In 2012, when Mr. Cyrus Mistry accepted the position of Chairman of Tata Sons, it was not only with a sense of pride, but also with a sense of duty as an ‘insider’ on the Board of Tata Sons. The Tata Group was going through significant change. A generation of Tata leaders were retiring with implications on the future governance of the Group. Several of these leaders who were retiring from the Board of Tata Sons also served as Trustees of the majority shareholders - Tata Trusts. It is in this context that Mr. Mistry set about trying to establish a governance structure that would institutionalize accountability, and create the right checks and balances, without contravening the new SEBI Insider Trading law that regulated the flow of information across all stakeholders. Unfortunately, he was removed in October 2016, when he attempted to implement these governance reforms.
It is extremely unfortunate that the current leadership of Tata Sons has not only continued to take value destructive business decisions in a misguided effort to prove a point in these proceedings. It is a matter of public record that several issues identified years earlier, continue to plague the group. Be it the operations of Tata Steel UK, where over the last three years alone the operational losses have increased by an additional 11,000 crores, or the Group’s aviation businesses. These actions, or lack thereof, have meant that the total debt in the major Tata group companies has increased by approximately Rs 100,000 crores in the last three years. Excluding TCS, the last quarters losses of all the listed group companies of approximately 14,000 crores causes great concern. Unfortunately, the impact of these actions continue to hurt minority shareholders, be it the SP Group at Tata Sons or the millions of shareholders of the listed companies in the Tata Group.
Tata Sons has amplified its institutional efforts to suppress and inflict irreparable harm on the SP Group, in the midst of a global crisis triggered by the COVID Pandemic. The 150 year old SP Group – is the second largest construction group in the country, executing projects of national significance in India and abroad. The Mistry family were in the midst of raising funds against the security of their personal assets to meet the crisis arising from the global pandemic. This move was undertaken to protect the livelihoods of its 60,000 employees and over 100,000 migrant workers.
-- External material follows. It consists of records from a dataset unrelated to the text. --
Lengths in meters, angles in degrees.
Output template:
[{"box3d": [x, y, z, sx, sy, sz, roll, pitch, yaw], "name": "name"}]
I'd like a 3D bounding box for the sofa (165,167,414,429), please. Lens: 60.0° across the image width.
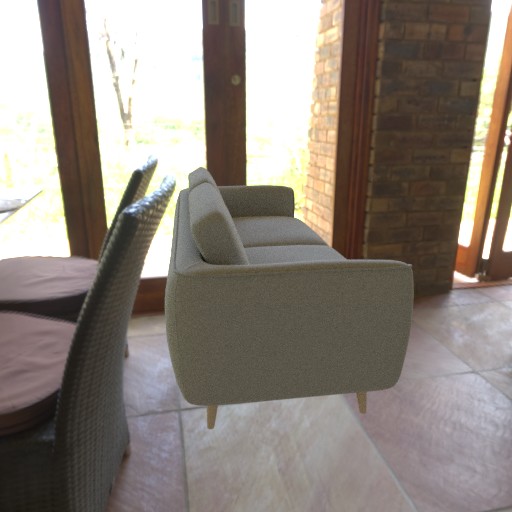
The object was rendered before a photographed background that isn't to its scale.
[{"box3d": [0.000, 0.000, 2.450, 0.920, 0.850, 2.000, -3, 17, -8], "name": "sofa"}]
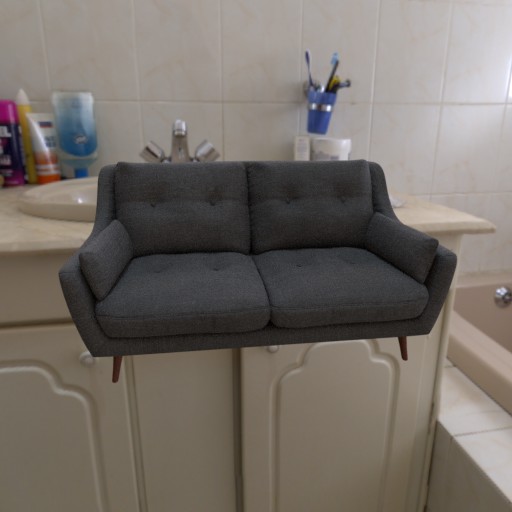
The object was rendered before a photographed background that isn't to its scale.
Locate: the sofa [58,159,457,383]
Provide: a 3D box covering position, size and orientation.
[{"bbox_3d":[0.000,0.000,2.215,1.646,0.887,0.976,-2,17,-8],"label":"sofa"}]
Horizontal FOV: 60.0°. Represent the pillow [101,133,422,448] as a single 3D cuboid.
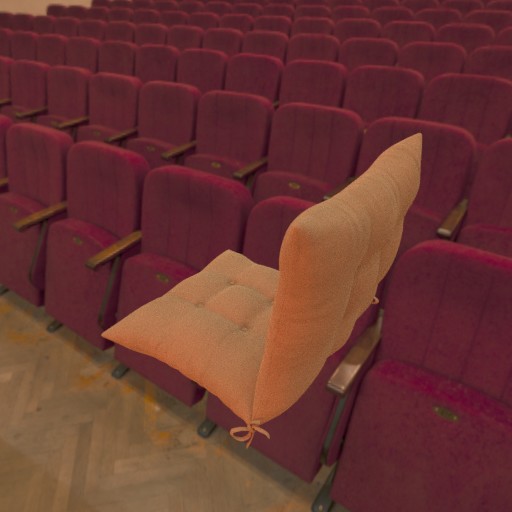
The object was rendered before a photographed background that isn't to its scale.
[{"bbox_3d":[0.000,0.000,1.011,0.585,0.536,0.541,21,38,29],"label":"pillow"}]
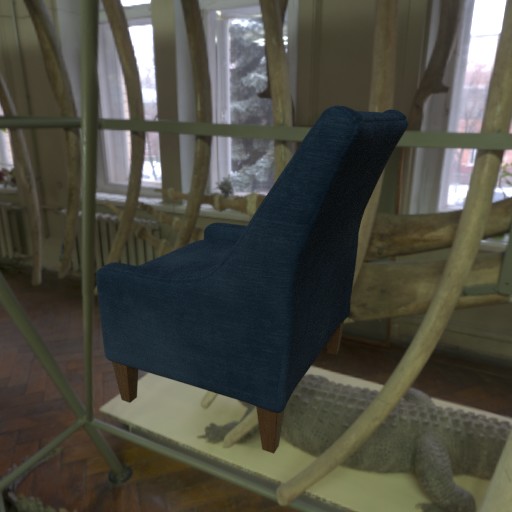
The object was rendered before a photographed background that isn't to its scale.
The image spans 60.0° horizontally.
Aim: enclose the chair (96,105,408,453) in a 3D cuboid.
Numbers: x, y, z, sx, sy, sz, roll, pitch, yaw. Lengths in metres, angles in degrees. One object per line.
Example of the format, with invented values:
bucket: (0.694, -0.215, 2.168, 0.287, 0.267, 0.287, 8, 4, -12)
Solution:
chair: (0.000, 0.000, 1.610, 0.870, 1.014, 0.774, 8, 19, 25)
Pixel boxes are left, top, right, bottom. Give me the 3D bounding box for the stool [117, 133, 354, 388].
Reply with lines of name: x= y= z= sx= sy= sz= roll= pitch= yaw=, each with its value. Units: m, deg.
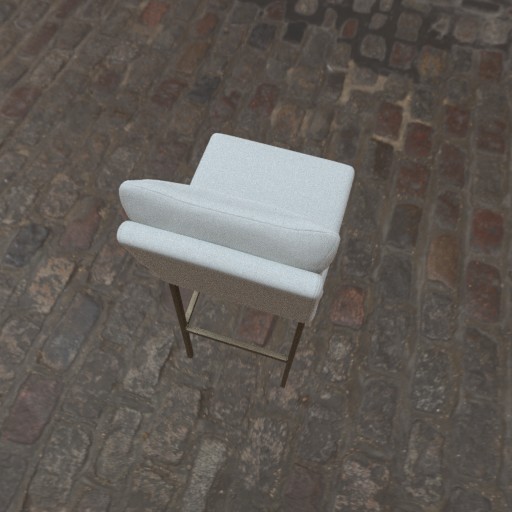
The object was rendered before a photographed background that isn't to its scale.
stool: x=0.000 y=0.000 z=1.424 sx=0.463 sy=1.125 sz=0.572 roll=15 pitch=64 yaw=8
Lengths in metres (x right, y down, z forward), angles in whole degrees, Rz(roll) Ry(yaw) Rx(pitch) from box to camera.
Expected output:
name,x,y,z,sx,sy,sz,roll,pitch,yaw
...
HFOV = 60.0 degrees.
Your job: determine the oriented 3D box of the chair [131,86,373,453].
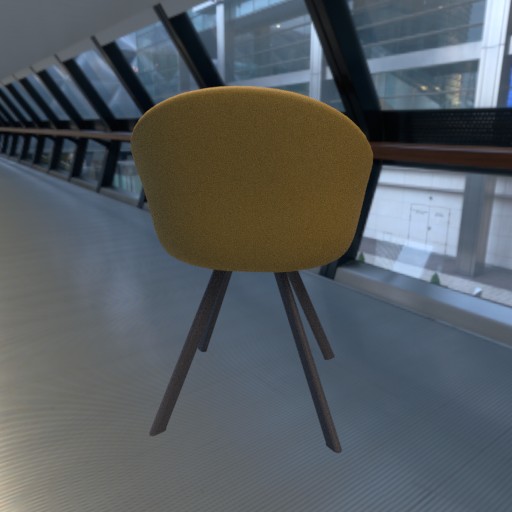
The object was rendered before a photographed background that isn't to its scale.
name,x,y,z,sx,sy,sz,roll,pitch,yaw
chair,0.000,0.000,1.181,0.551,0.793,0.583,2,15,7
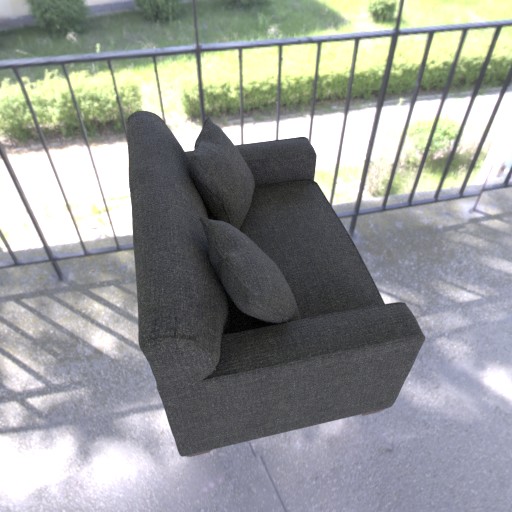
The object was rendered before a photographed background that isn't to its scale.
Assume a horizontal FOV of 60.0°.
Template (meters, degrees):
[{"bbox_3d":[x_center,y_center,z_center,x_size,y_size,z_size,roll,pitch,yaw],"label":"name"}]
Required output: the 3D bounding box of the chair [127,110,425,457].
[{"bbox_3d":[0.000,0.000,2.074,1.000,0.948,1.383,-10,47,-9],"label":"chair"}]
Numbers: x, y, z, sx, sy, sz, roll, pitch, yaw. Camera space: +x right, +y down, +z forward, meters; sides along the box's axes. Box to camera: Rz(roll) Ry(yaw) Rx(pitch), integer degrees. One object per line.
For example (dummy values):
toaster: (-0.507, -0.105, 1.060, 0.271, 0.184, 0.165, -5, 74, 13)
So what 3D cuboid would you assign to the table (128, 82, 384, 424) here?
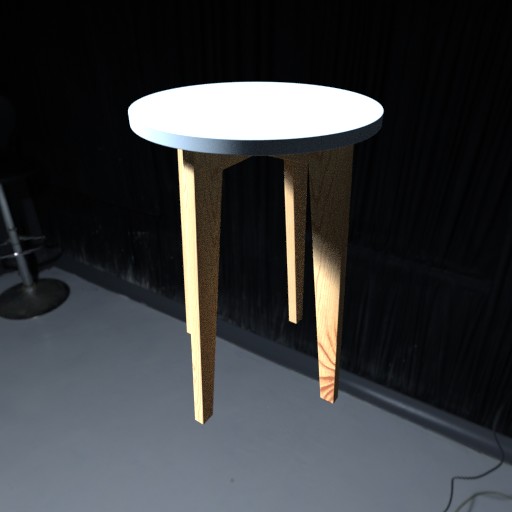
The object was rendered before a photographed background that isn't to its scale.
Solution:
table: (0.000, 0.000, 0.754, 0.350, 0.500, 0.350, 0, 31, 0)
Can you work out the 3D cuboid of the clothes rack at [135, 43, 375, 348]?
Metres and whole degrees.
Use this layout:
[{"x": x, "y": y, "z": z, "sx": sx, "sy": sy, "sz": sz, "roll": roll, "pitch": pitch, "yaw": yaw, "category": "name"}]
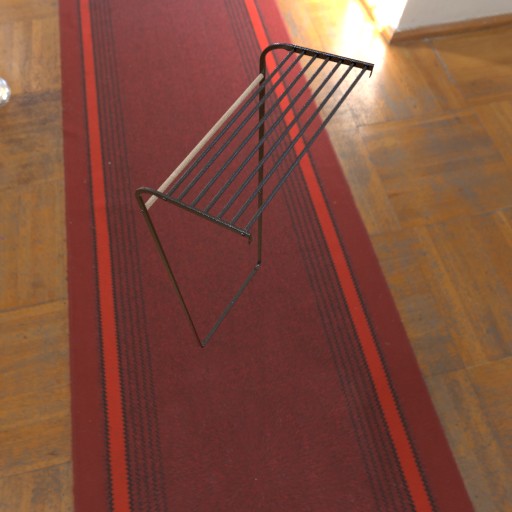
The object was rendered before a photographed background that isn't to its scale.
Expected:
[{"x": 0.000, "y": 0.000, "z": 1.779, "sx": 0.349, "sy": 1.574, "sz": 0.609, "roll": 29, "pitch": 67, "yaw": 14, "category": "clothes rack"}]
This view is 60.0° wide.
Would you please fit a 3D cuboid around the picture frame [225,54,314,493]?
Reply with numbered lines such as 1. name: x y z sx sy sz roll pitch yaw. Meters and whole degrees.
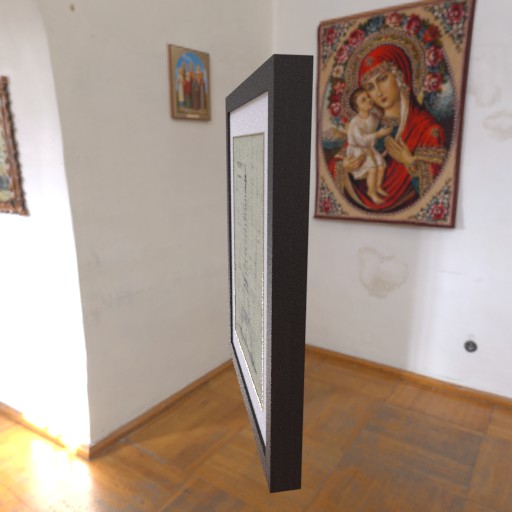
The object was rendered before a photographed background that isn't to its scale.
1. picture frame: 0.000 0.000 0.758 0.044 0.555 0.452 -3 14 -10
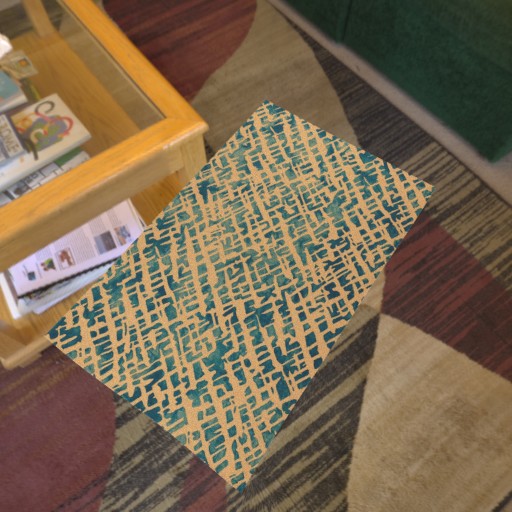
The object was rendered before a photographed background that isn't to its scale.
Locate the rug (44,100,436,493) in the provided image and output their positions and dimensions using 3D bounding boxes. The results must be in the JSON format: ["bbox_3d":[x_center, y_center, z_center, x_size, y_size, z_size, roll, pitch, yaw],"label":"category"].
[{"bbox_3d":[0.000,0.000,3.019,1.520,0.011,2.447,32,68,15],"label":"rug"}]
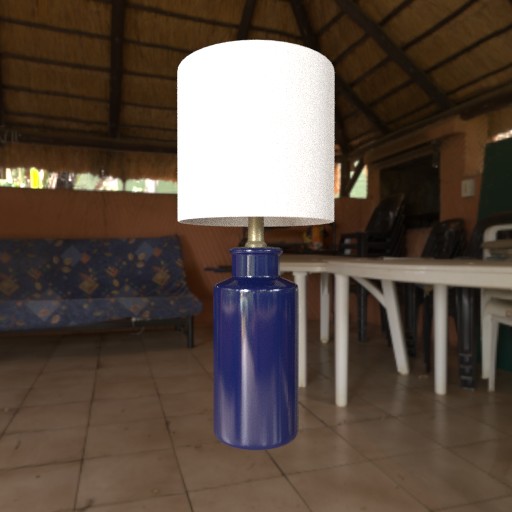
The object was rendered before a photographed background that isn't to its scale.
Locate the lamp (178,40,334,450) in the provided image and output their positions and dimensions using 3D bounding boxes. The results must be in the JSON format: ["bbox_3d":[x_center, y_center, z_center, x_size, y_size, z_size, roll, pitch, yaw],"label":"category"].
[{"bbox_3d":[0.000,0.000,0.611,0.212,0.493,0.212,0,1,-19],"label":"lamp"}]
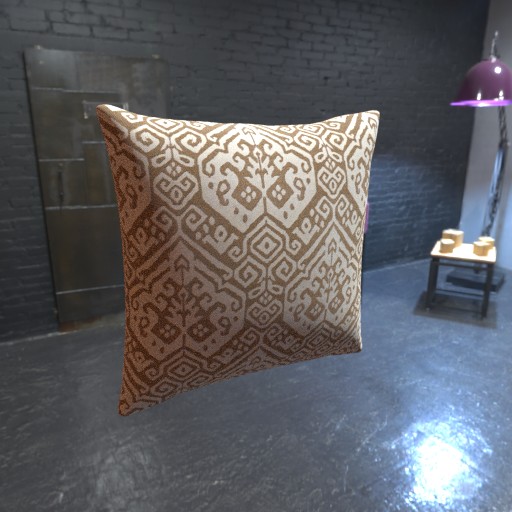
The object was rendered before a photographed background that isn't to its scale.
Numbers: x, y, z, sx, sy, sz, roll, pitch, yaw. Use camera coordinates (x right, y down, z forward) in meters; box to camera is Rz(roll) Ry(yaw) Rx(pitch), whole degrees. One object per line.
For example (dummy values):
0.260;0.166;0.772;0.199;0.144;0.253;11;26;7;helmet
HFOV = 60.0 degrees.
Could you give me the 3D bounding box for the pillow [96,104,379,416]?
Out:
0.000;0.000;0.641;0.419;0.407;0.173;-8;18;-26;pillow
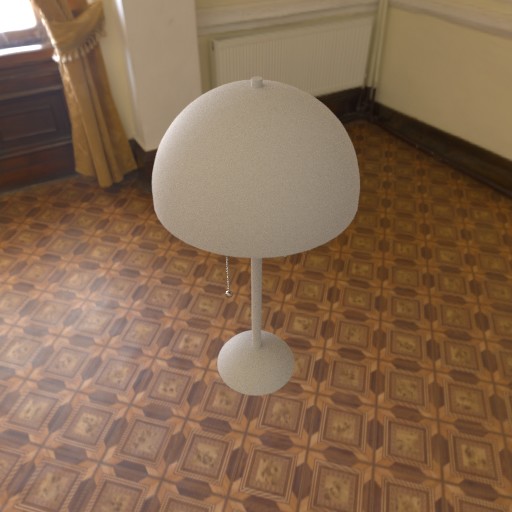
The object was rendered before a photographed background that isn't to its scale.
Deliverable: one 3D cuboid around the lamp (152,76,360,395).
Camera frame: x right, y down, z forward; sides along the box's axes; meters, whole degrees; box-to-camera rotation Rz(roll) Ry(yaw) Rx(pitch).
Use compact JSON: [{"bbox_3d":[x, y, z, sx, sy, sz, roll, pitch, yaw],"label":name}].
[{"bbox_3d":[0.000,0.000,0.421,0.171,0.330,0.171,0,40,0],"label":"lamp"}]
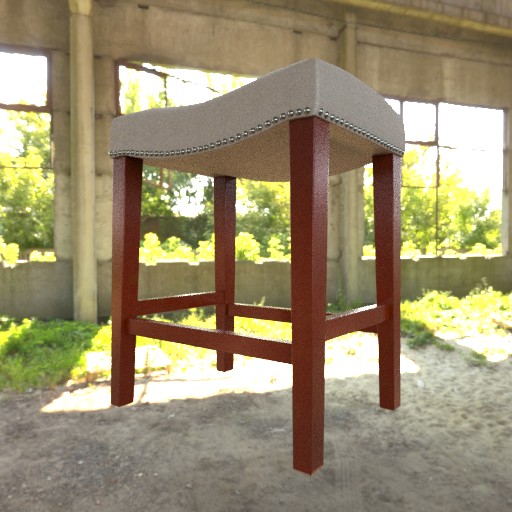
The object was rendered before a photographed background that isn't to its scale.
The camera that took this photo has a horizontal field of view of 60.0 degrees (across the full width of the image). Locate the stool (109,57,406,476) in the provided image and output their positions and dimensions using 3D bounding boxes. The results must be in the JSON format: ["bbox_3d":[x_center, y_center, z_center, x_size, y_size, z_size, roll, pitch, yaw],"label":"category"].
[{"bbox_3d":[0.000,0.000,0.929,0.509,0.632,0.375,1,1,38],"label":"stool"}]
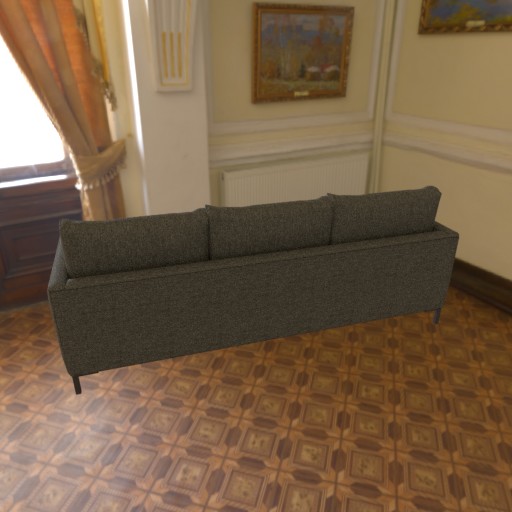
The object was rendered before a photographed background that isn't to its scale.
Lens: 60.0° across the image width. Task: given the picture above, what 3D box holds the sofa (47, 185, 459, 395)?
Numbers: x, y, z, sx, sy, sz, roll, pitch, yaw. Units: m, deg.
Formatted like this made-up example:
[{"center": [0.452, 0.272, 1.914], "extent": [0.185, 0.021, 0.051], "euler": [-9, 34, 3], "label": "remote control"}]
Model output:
[{"center": [0.000, 0.000, 2.726], "extent": [2.253, 0.879, 0.876], "euler": [-7, 26, -15], "label": "sofa"}]

The action by Tata Sons to block this crucial fund raise, without any heed for the collateral consequences is the latest demonstration of their vindictive mind-set.
The current situation has forced the Mistry family to sit back and reflect on the past, present and possible future for all stakeholders. The past oppressive actions, and the latest vindictive move by Tata Sons that impact the livelihoods of the wider SP Group community leads to the inexplicable conclusion that the mutual co-existence of both groups at Tata Sons would be infeasible. The SP-Tata relationship spanning over 70 years, was forged on mutual trust, good faith, and friendship. Today, it is with a heavy heart that the Mistry family believes that a separation of interests would best serve all stakeholder groups.”